Proxmox with Ceph - Failover Issue

Hi there,
I have a question with regards to a failover issue on Ceph enabled Proxmox cluster.
I have built a test environment with three identical nodes. Added all of them to the Proxmox cluster and enabled Ceph. The Proxmox cluster has its own subnet. Put a few VMs on the Ceph based storage, all worked fine. I am able to migrate the WMs across all three nodes without any problems. However, if I were to pull the power on one of the nodes to simulate a power outage, the VMs (live or not) do not get failed over to other nodes in timely manner. It takes over three minutes to fail over in the end, which is far from ideal. I do not know if this is by design (which would render it unusable for me), or if there is a setting I missed somewhere.
I’d appreciate any input you can provide me.
Thank you

1 Like

Just want to confirm you have HA set up in addition to the cluster.

HA is its own configuration in addition to cluster in the datacenter settings:

Screenshot 2023-09-27 at 7.27.17 PM

And VMs need to be explicitly configured for HA:

Screenshot 2023-09-27 at 7.29.22 PM

2 Likes

Another thing is fencing.
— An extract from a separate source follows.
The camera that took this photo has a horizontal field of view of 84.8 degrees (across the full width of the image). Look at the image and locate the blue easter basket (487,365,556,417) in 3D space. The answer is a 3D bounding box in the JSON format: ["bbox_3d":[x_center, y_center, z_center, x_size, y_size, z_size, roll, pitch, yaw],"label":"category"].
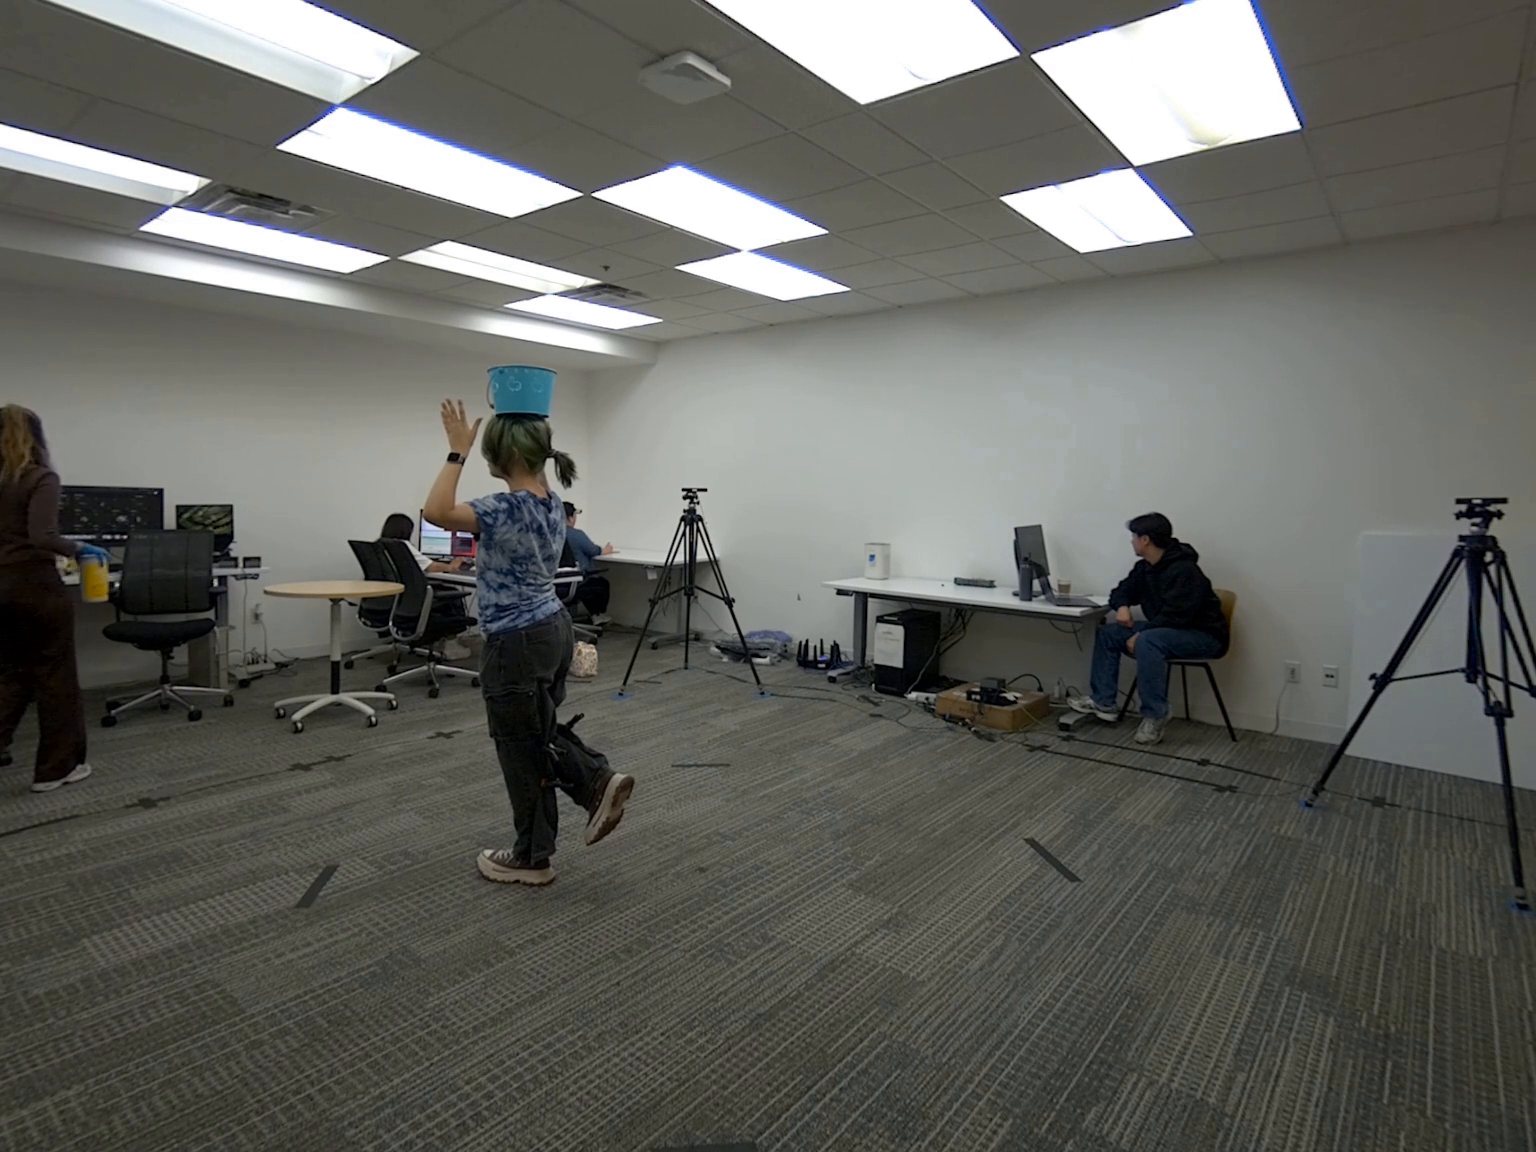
[{"bbox_3d":[-0.851,-0.622,2.900,0.243,0.155,0.244,0,3,-2],"label":"blue easter basket"}]

Nodes with quorum have to be sure the node is entirely down and it’s not running the VM in question as running a VM twice is very dangerous for integrity.

Having a fencing device in any form ensures the remote shutdown/powercycle of the node in question and failover can (safely) start.

check the Proxmox wiki on fencing:

https://pve.proxmox.com/wiki/Fencing

I hope this helps you understand and fix/optimize your failover issues.

2 Likes

Yes, HA settings are correct, and works OK, the issue is that it takes minimum three minutes to failover, which is the issue.

1 Like

Thank you, I have never configured Fencing before, I will look in to it and report back.

1 Like

Does 3 minutes include the reboot time? It’s been a while since I tested it, but I believe a hard cut will necessitate a full reboot of the VMs since the RAM doesn’t sync over the network…

1 Like

Digging more into the Proxmox support wiki…

https://pve.proxmox.com/wiki/High_Availability

I’m getting into the matter atm because I want to do a HA cluster short- to midterm. Only got some improvised homelab tinkering and VMs to work with, to get more familiar with everything.

But I know that live migrate is way faster than failover time. Simple asynchronous copy from machine to machine is a much simpler process than declaring a node to be dead.

Maybe you got a latency spike, some quirky cable that recovers network link after 10 seconds. But if quorum dediced to boot a failover VM in the meantime and then the original machine with VM gets back, both writing data to the same shared storage…
That’s consistency nightmare and probably requires restoring from backup at the very least.

1 Like

Yeah, if the requirement is to have services with <1m downtime on host failure, either the service itself needs to be clustered (ex: ctdb for samba) or you need kubernetes. All of the above could run in proxmox VMs though.